▶ [Work required]:
Copy the data below exactly. Any pictures in it should be omitted.

== Data for the task ==

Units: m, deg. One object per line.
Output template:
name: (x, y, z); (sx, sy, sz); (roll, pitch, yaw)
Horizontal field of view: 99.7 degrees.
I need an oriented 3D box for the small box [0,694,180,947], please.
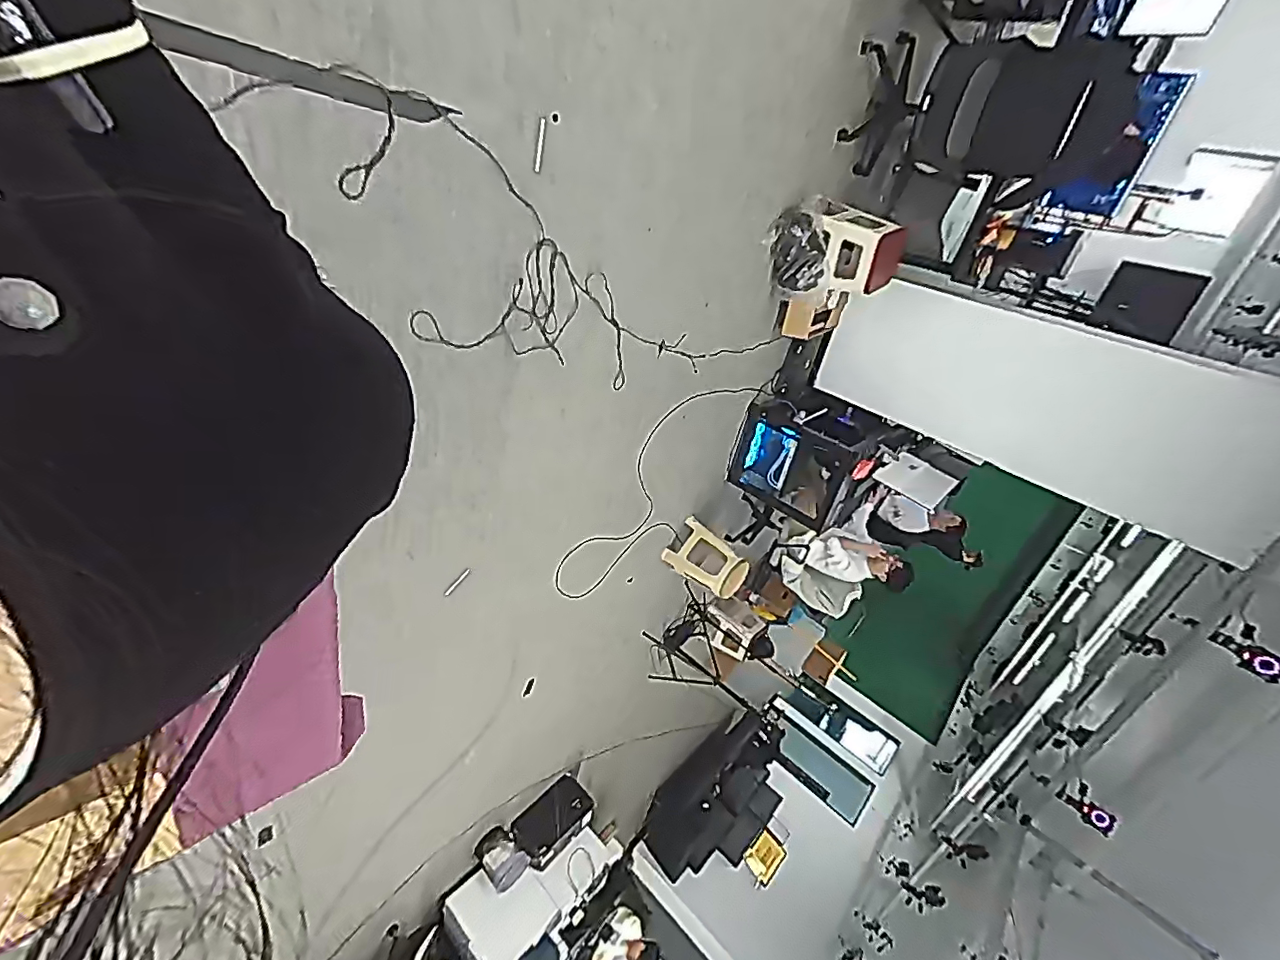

===

▶ [Answer for this exercise]:
Units: m, deg. One object per line.
Output template:
name: (x, y, z); (sx, sy, sz); (roll, pitch, yaw)
Horizontal field of view: 99.7 degrees.
I need an oriented 3D box for the small box [0,694,180,947], please.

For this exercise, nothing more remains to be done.